Here I also did some modification

super-dainiu · 2022-10-18T08:56:16Z

colossalai/fx/profiler/memory.py

+        """Check if a node is a ReLU-like node.
+        ReLU-like nodes have the following properties:
+        - They are either `call_function` or `call_module`
+        - Their output tensors are directly saved for backward
+        - Their input tensors are not saved for backward
+
+        An example is `torch.nn.functional.softmax` which has (forward + backward):
+        def forward(self, input_2):
+            _softmax_default = torch.ops.aten._softmax.default(input_2, None, None);  input_2 = None
+            zeros_like_default = torch.ops.aten.zeros_like.default(_softmax_default, dtype = None, layout = None, device = None, pin_memory = None)
+            detach_default = torch.ops.aten.detach.default(_softmax_default);  _softmax_default = None
+            _softmax_backward_data_default = torch.ops.aten._softmax_backward_data.default(zeros_like_default, detach_default, None, None);  zeros_like_default = detach_default = None
+            detach_default_1 = torch.ops.aten.detach.default(_softmax_backward_data_default);  _softmax_backward_data_default = None
+            detach_default_2 = torch.ops.aten.detach.default(detach_default_1);  detach_default_1 = None
+
+        Args:
+            n (Node): A node from the graph
+
+        Returns:
+            bool: Whether the node is a ReLU-like node
+        """


A docstring is added

FrankLeeeee · 2022-10-19T04:07:42Z

colossalai/fx/profiler/constants.py

+RELU_LIKE_OPS = [
+    torch.nn.functional.relu,
+    torch.nn.functional.softmax,
+]


Still you should define a term for this kind of ops, relu_like does not suggest any useful info.

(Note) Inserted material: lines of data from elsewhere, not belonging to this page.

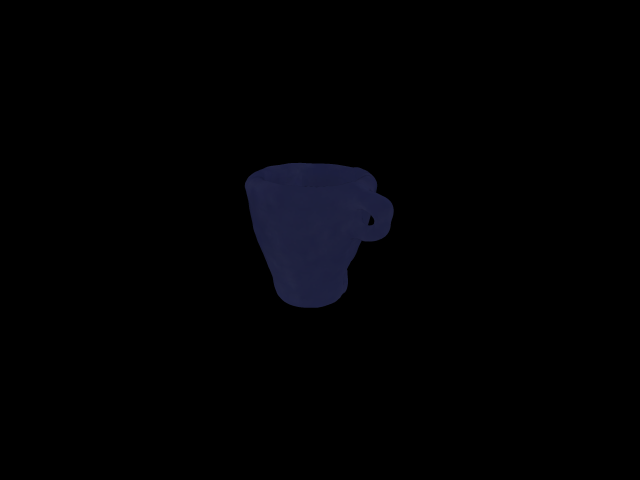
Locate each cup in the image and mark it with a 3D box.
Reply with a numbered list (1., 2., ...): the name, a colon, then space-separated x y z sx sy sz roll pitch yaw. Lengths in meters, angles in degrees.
1. cup: 0.004 0.001 0.400 0.092 0.095 0.117 -17 26 -41
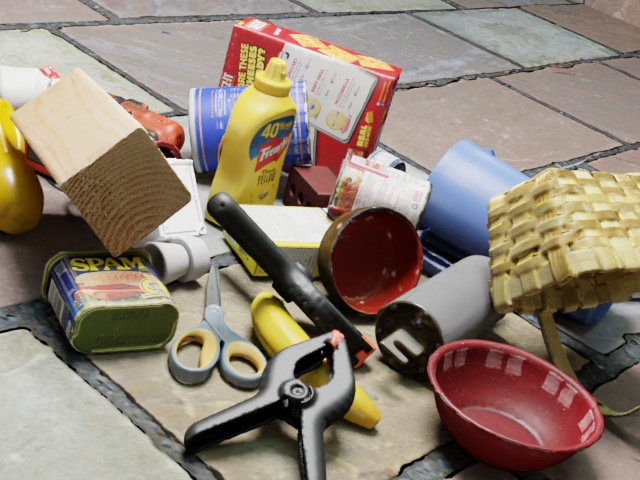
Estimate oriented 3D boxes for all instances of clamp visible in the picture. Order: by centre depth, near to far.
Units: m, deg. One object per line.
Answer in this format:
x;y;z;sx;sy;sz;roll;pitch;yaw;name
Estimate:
-0.014;0.141;0.861;0.120;0.039;0.171;34;49;16;clamp
-0.030;0.036;1.016;0.210;0.036;0.164;46;-2;-5;clamp

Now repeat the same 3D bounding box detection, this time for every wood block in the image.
-0.211;-0.079;1.007;0.090;0.090;0.206;-38;34;-8;wood block

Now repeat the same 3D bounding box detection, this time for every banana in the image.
-0.016;0.099;0.968;0.069;0.037;0.198;10;26;-37;banana

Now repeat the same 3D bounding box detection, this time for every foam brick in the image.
-0.002;-0.048;1.260;0.051;0.053;0.078;0;29;-30;foam brick

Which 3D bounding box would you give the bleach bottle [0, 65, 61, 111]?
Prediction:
-0.400;-0.164;1.170;0.251;0.068;0.102;0;28;-1;bleach bottle

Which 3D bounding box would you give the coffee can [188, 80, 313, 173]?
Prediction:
-0.082;-0.136;1.285;0.140;0.103;0.103;-4;27;1;coffee can

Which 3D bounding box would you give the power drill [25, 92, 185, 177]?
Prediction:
-0.279;-0.131;1.256;0.185;0.057;0.187;21;27;22;power drill

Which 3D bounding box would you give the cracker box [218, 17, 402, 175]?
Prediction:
-0.021;-0.173;1.369;0.214;0.164;0.072;20;24;6;cracker box

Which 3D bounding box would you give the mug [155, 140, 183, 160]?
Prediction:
-0.216;-0.072;1.149;0.082;0.093;0.117;29;49;34;mug

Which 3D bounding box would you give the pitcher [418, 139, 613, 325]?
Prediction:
0.229;0.002;1.230;0.243;0.149;0.144;32;14;23;pitcher

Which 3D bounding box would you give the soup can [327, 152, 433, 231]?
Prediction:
0.066;-0.048;1.183;0.102;0.069;0.068;20;26;1;soup can

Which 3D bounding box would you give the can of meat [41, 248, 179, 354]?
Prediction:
-0.184;0.054;0.944;0.101;0.057;0.084;-1;33;-32;can of meat

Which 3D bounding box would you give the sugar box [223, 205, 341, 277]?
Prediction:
-0.008;0.002;1.166;0.175;0.048;0.093;5;28;-31;sugar box

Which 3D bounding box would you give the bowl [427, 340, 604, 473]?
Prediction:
0.165;0.156;0.947;0.162;0.055;0.162;13;26;-7;bowl

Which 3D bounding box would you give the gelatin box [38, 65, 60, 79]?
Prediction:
-0.349;-0.171;1.247;0.030;0.089;0.073;57;2;-13;gelatin box

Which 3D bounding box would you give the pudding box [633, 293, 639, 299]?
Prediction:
0.353;0.035;1.318;0.113;0.039;0.090;1;30;-25;pudding box

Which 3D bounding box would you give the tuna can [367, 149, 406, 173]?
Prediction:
0.070;-0.065;1.296;0.034;0.086;0.086;28;28;19;tuna can

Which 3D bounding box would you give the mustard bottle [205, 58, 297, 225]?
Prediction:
-0.069;-0.109;1.180;0.058;0.192;0.096;30;29;25;mustard bottle

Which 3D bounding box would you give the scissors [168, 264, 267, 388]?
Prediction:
-0.083;0.081;0.996;0.096;0.016;0.201;20;26;2;scissors
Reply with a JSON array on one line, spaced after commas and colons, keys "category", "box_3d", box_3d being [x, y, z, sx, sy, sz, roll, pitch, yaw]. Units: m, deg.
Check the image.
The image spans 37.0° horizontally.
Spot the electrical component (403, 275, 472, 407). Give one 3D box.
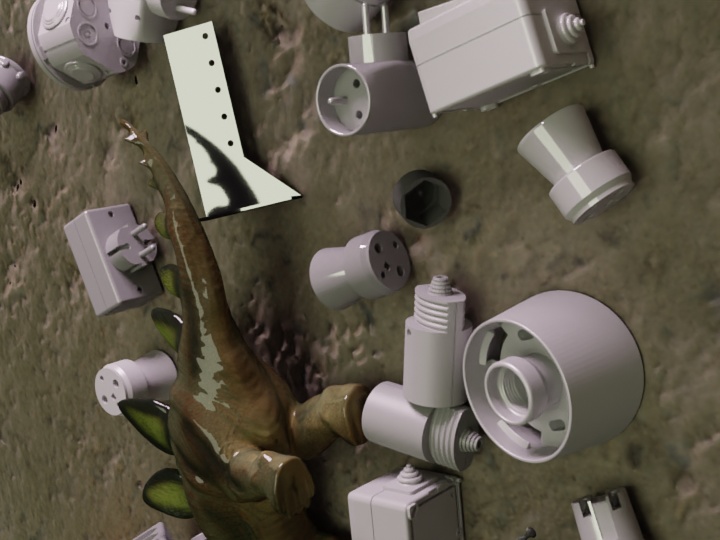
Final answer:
[{"category": "electrical component", "box_3d": [0.051, 0.043, 0.697, 0.043, 0.043, 0.081, 13, 109, 38]}]

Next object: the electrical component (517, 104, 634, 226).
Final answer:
[{"category": "electrical component", "box_3d": [0.123, -0.059, 0.610, 0.045, 0.045, 0.055, -43, 73, 38]}]

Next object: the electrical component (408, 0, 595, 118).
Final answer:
[{"category": "electrical component", "box_3d": [0.084, -0.132, 0.614, 0.096, 0.062, 0.061, -18, 89, 41]}]

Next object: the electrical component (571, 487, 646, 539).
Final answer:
[{"category": "electrical component", "box_3d": [0.150, 0.157, 0.644, 0.040, 0.040, 0.046, -24, 80, 41]}]

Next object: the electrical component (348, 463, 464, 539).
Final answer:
[{"category": "electrical component", "box_3d": [0.030, 0.177, 0.734, 0.061, 0.062, 0.096, 2, 102, 40]}]

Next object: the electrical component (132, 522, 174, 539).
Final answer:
[{"category": "electrical component", "box_3d": [-0.157, 0.254, 0.862, 0.075, 0.047, 0.083, 59, 169, -8]}]

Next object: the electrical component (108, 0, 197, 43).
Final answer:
[{"category": "electrical component", "box_3d": [-0.149, -0.209, 0.806, 0.079, 0.043, 0.077, 22, 114, 35]}]

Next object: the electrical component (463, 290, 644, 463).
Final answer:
[{"category": "electrical component", "box_3d": [0.113, 0.066, 0.652, 0.099, 0.064, 0.099, 26, 124, 46]}]

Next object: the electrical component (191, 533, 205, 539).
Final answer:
[{"category": "electrical component", "box_3d": [-0.119, 0.247, 0.891, 0.043, 0.043, 0.062, -41, 73, 39]}]

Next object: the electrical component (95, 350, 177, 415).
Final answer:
[{"category": "electrical component", "box_3d": [-0.188, 0.095, 0.905, 0.045, 0.055, 0.045, 11, 108, 38]}]

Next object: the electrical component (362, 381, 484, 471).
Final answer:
[{"category": "electrical component", "box_3d": [0.046, 0.105, 0.716, 0.081, 0.043, 0.043, 13, 109, 38]}]

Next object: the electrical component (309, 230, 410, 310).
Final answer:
[{"category": "electrical component", "box_3d": [0.000, 0.000, 0.729, 0.055, 0.045, 0.045, -19, 88, 41]}]

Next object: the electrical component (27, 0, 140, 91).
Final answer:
[{"category": "electrical component", "box_3d": [-0.215, -0.185, 0.845, 0.051, 0.080, 0.080, -10, 94, 36]}]

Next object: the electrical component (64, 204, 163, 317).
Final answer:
[{"category": "electrical component", "box_3d": [-0.194, -0.015, 0.889, 0.076, 0.047, 0.083, -27, 83, 41]}]

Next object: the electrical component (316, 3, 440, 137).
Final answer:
[{"category": "electrical component", "box_3d": [0.012, -0.125, 0.667, 0.044, 0.077, 0.079, 3, 101, 40]}]

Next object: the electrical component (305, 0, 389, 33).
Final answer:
[{"category": "electrical component", "box_3d": [-0.005, -0.185, 0.683, 0.047, 0.055, 0.055, -45, 71, 41]}]

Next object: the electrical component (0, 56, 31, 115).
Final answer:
[{"category": "electrical component", "box_3d": [-0.326, -0.156, 0.952, 0.048, 0.062, 0.048, 14, 142, 11]}]
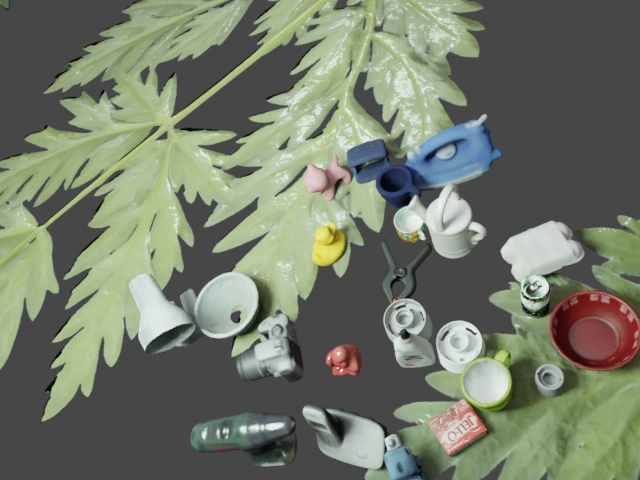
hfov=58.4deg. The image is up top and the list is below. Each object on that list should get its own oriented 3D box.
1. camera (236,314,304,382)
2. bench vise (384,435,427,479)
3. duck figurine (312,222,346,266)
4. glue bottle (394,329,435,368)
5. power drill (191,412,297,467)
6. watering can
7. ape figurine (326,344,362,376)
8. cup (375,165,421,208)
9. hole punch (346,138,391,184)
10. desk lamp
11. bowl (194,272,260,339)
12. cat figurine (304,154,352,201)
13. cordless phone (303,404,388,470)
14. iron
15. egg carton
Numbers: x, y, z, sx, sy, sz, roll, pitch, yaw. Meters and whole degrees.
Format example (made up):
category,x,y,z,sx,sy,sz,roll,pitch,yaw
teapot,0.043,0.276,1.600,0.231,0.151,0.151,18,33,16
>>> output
category,x,y,z,sx,sy,sz,roll,pitch,yaw
camera,-0.119,0.248,1.274,0.136,0.101,0.143,-19,56,10
bench vise,0.142,0.443,0.986,0.121,0.220,0.206,-38,55,-3
duck figurine,0.013,0.005,1.375,0.077,0.086,0.105,23,72,30
glue bottle,0.179,0.211,1.137,0.078,0.173,0.037,-13,57,14
power drill,-0.124,0.389,1.126,0.229,0.209,0.075,-11,58,15
watering can,0.272,-0.047,1.240,0.172,0.194,0.101,0,61,21
ape figurine,0.050,0.251,1.212,0.077,0.092,0.076,35,78,33
cup,0.197,-0.115,1.369,0.117,0.095,0.092,27,73,31
hole punch,0.119,-0.213,1.459,0.108,0.091,0.101,-18,56,10
desk lamp,-0.355,0.178,1.336,0.118,0.214,0.202,-34,55,0
bowl,-0.211,0.167,1.372,0.167,0.075,0.167,-9,58,16
cat figurine,0.009,-0.162,1.455,0.067,0.118,0.128,35,78,33
cordless phone,0.047,0.366,1.089,0.147,0.185,0.094,5,63,24
iron,0.291,-0.208,1.359,0.258,0.142,0.118,-22,56,8
egg carton,0.464,0.026,1.200,0.150,0.070,0.107,-24,55,6
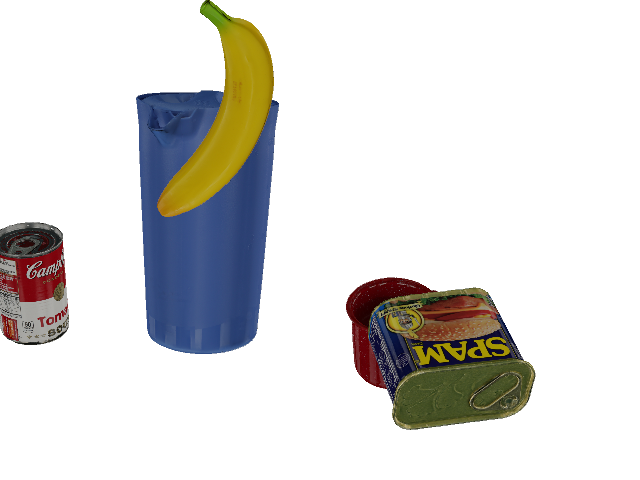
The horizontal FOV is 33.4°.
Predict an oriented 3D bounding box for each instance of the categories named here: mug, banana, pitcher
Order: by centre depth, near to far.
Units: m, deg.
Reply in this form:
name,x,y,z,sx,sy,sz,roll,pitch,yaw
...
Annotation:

Or call them something like OUTPUT_SAVED_OPS?

I put a docstring in the function which used this constant to illustrate.

Yup I see it. Just think it could be clearer. I can accept it at the moment but hope it can be improved.

Okay, I will come back to refactoring the profiler after @Cypher30 finishes the backward estimation. I already have some ideas to remove some of these constants without affecting the performance.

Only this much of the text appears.